Das ist heute anders. Heute wird in der Öffentlichkeit wirklich so getan, als gehe es tatsächlich um ernsthafte Bemühungen, Kriege abzuschaffen. Dabei handelt es sich um die Elitenkämpfe zwischen den unterschiedlichen kapitalistischen Zentren, die im Rahmen der Münchner Sicherheitskonferenz immer offen ausgetragen werden, um etwas, was mit dem altmodischen Begriff Imperialismus noch immer umschrieben werden kann.

Allerdings muss hinzugefügt werden, dass es sich um einen Imperialismus des 21. Jahrhunderts handelt. Er hat sich in den letzten hundert Jahren genau so verändert wie der Kapitalismus. Es ist sicher richtig, wenn sich die in Deutschland schwache Protestbewegung darauf auch neue Antworten einfallen lässt. In diesem Jahr gab es neben der eher traditionellen Proteste gegen Siko am Samstag schon am Freitag eine Demonstration eines Bündnisses, das die gesamte Weltordnung kritisiert. Sprecherinnen dieser Demonstration wiesen darauf hin, dass es zu kurz greifen würde, noch immer nur die Rolle der USA zu kritisieren und dabei die EU und Deutschland zu vergessen. Die beiden Demonstrationen haben sich trotz aller Unterschiede in der Analyse nicht bekämpft, sondern es gab Bezüge aufeinander.

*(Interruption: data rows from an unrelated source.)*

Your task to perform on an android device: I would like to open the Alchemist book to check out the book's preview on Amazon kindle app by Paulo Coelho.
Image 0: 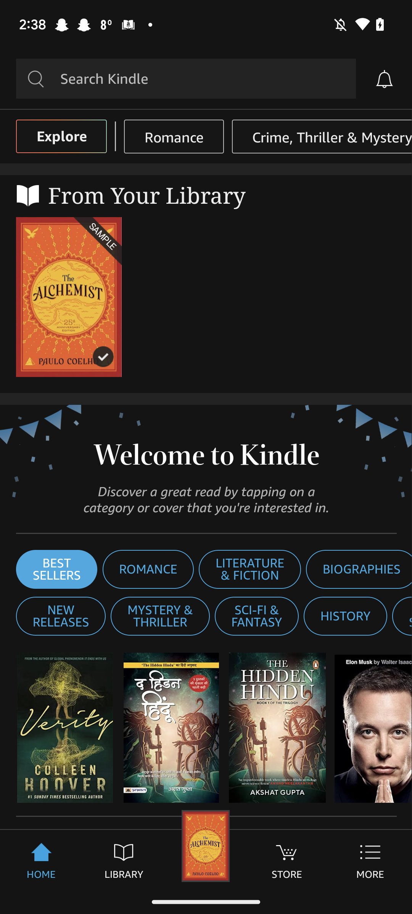
Click on The Alchemist book
Step 0: click (69, 297)
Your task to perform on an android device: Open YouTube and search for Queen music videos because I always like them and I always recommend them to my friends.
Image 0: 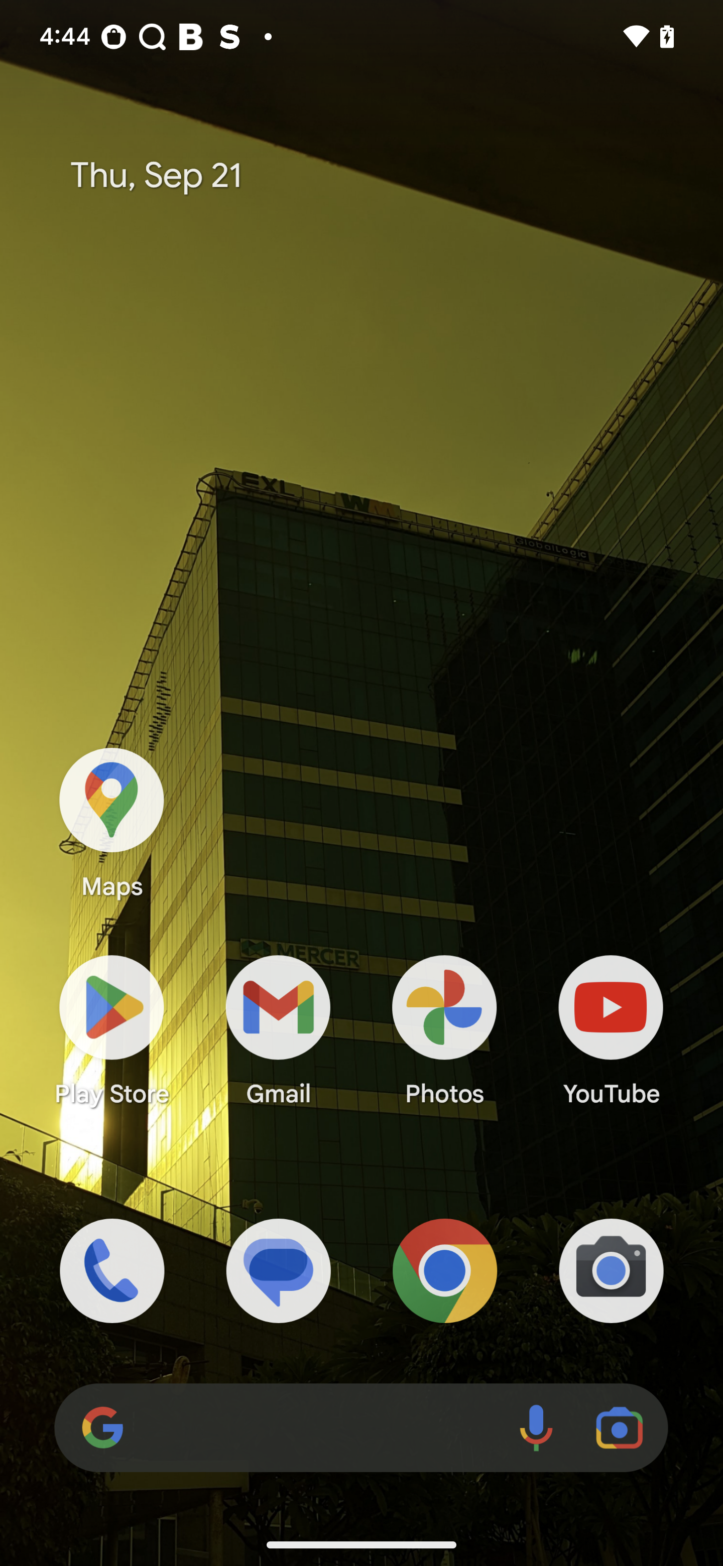
Open YouTube app
Step 0: open app "YouTube"
Image 1: 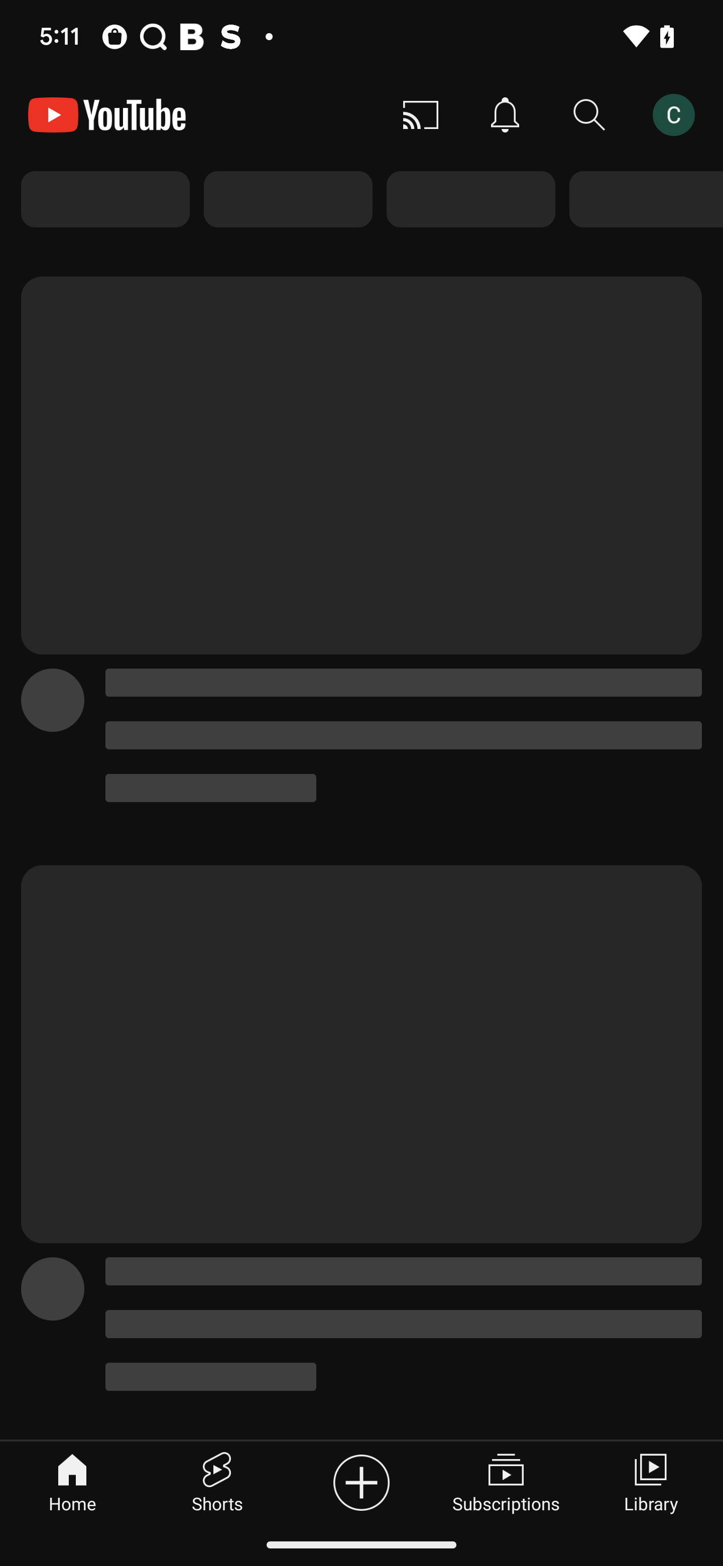
Open YouTube app
Step 1: wait
Image 2: 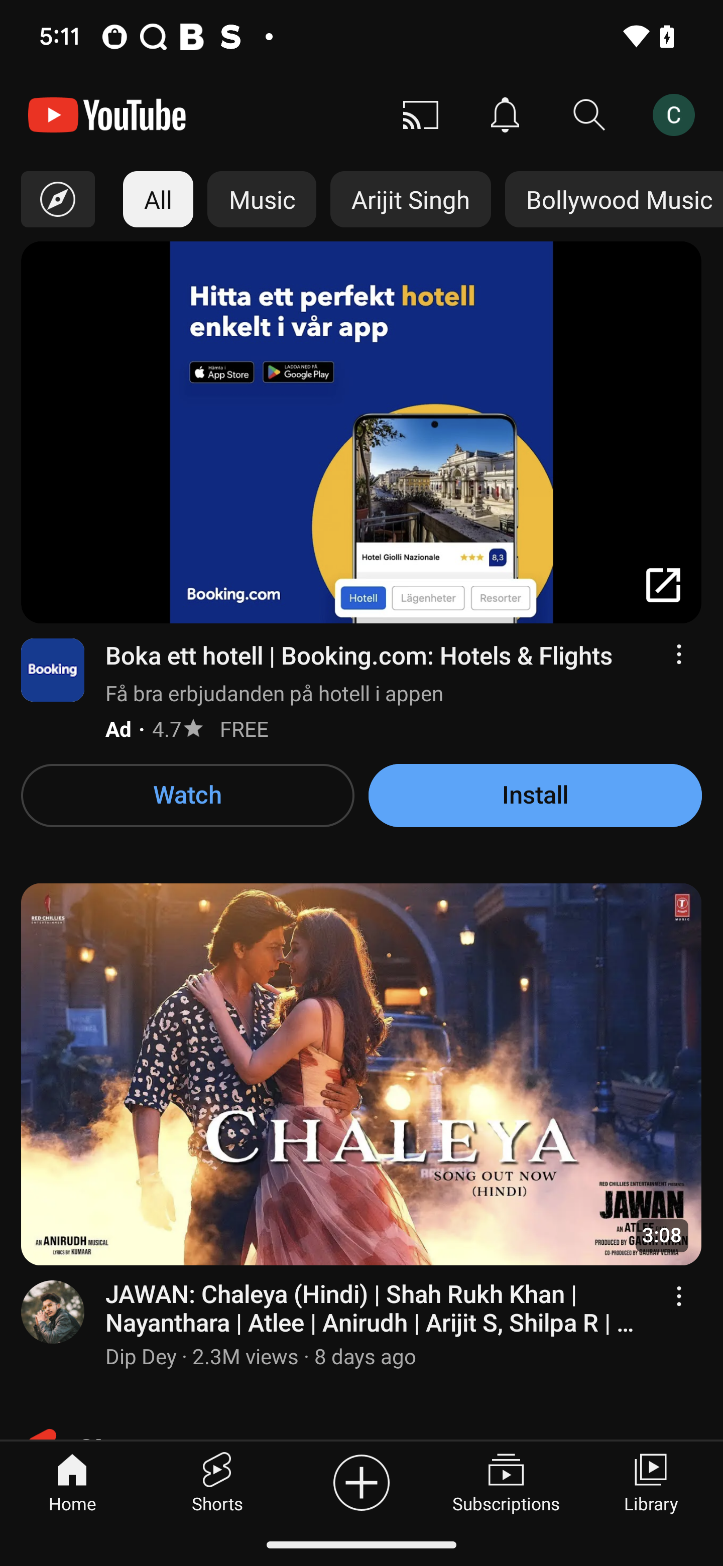
Click on the search icon at the right top corner of the screen
Step 2: click (589, 114)
Image 3: 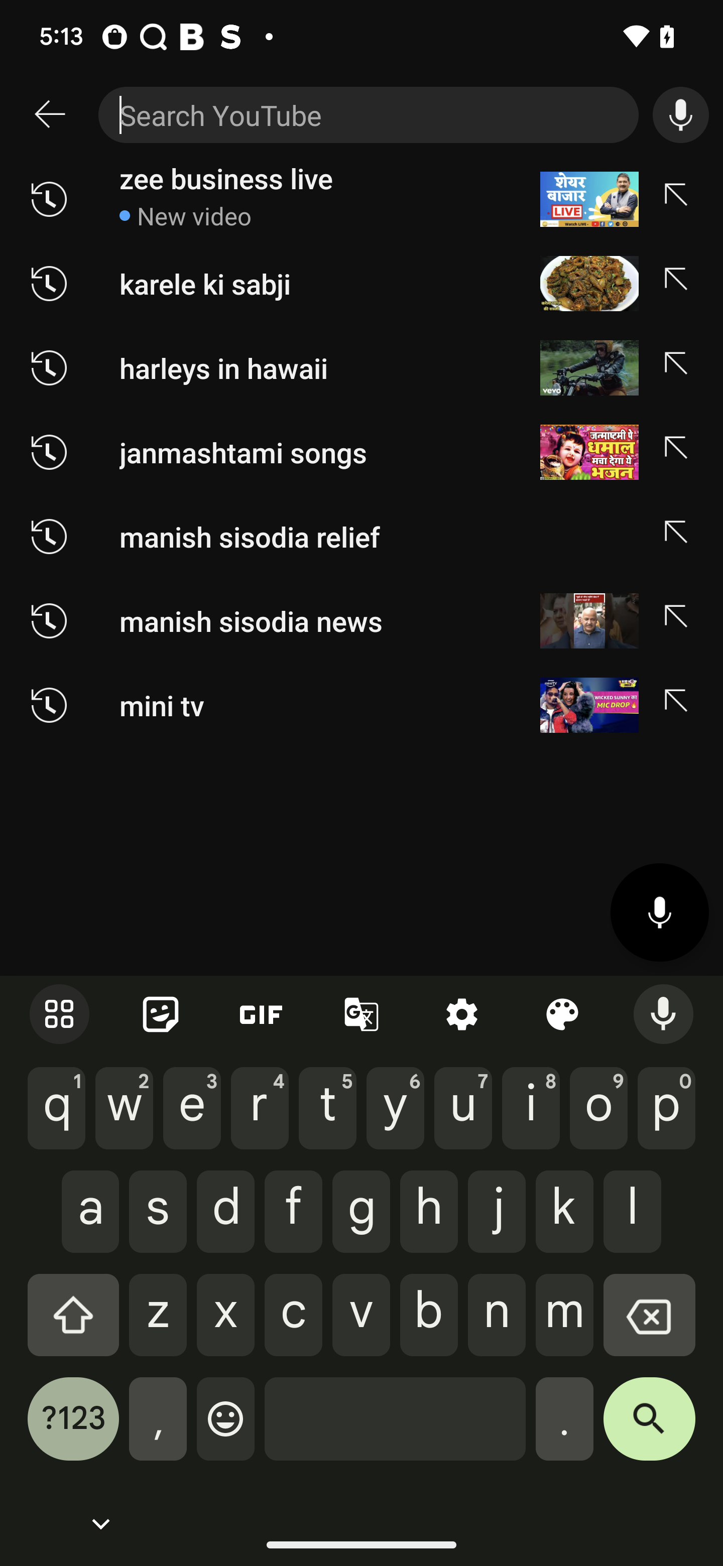
Type Queen music video in the search bar
Step 3: type "Queen music video"
Image 4: 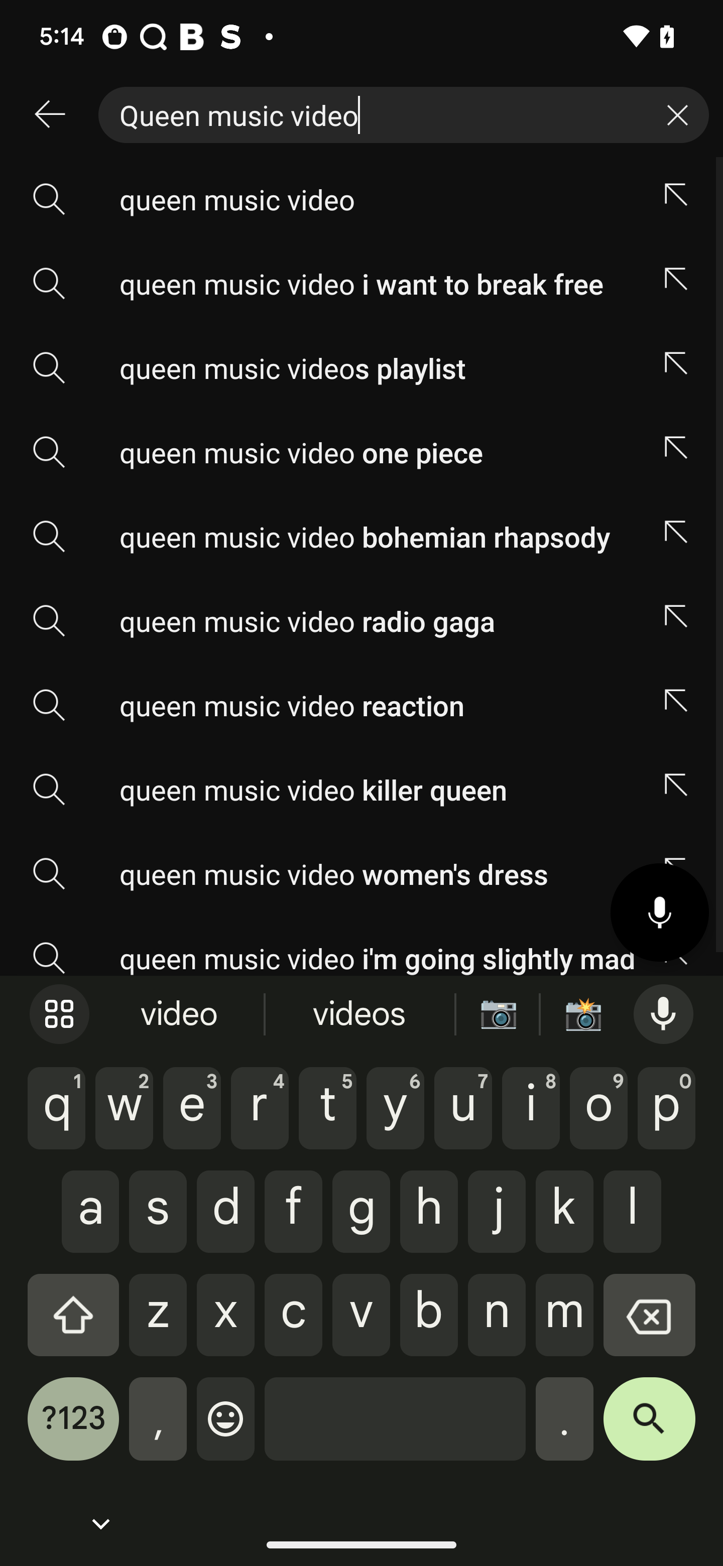
Click on the search icon at the right bottom corner of the keyboard.
Step 4: click (649, 1429)
Image 5: 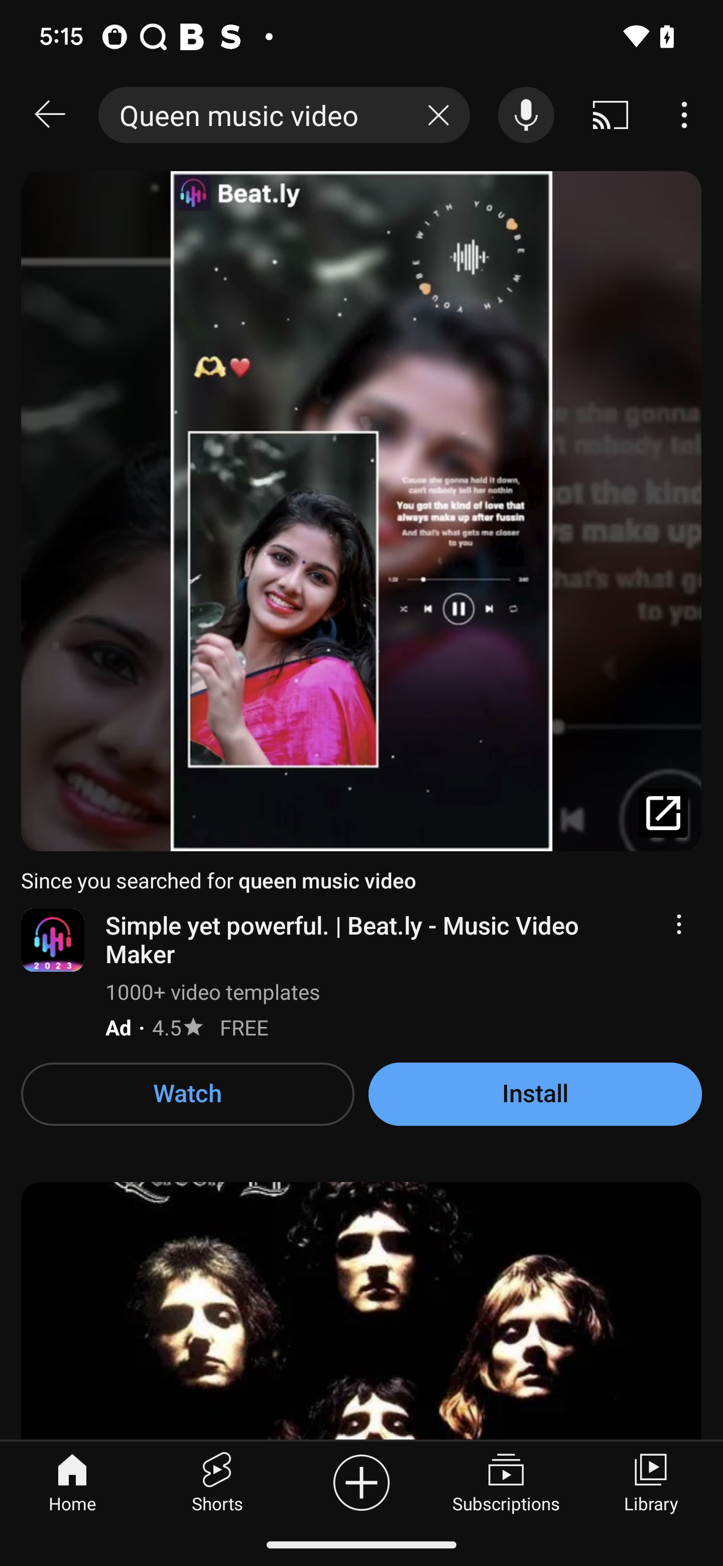
Scroll up on the screen
Step 5: scroll down

Es wird sich zeigen, wie die Diskussionen in der Zukunft weiterlaufen. Denn eins ist klar, nicht nur Laschets Beschwörung der Kohlära, als Deutschland in der EU die Linien vorgegeben hat, braucht eine Gegenbewegung, die dem deutschen Imperialismus entgegentritt. Davon kann heute keine Rede sein.